» Exercise aim
The lines to return begin at the one containing "rotation: [roll, pitch, yaw]" and end at the final line of the material; output them exactly and only them.

══ Supplied records

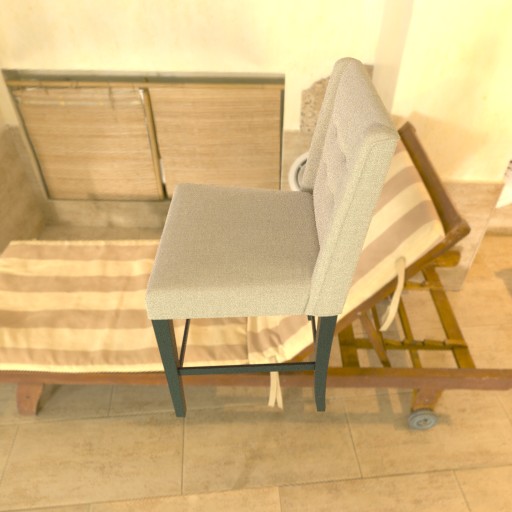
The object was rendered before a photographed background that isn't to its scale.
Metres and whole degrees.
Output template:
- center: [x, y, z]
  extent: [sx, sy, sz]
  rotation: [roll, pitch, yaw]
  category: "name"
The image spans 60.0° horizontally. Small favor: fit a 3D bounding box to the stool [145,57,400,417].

════

» Written answer
  rotation: [roll, pitch, yaw]
  category: "name"
The image spans 60.0° horizontally. Small favor: fit a 3D bounding box to the stool [145,57,400,417].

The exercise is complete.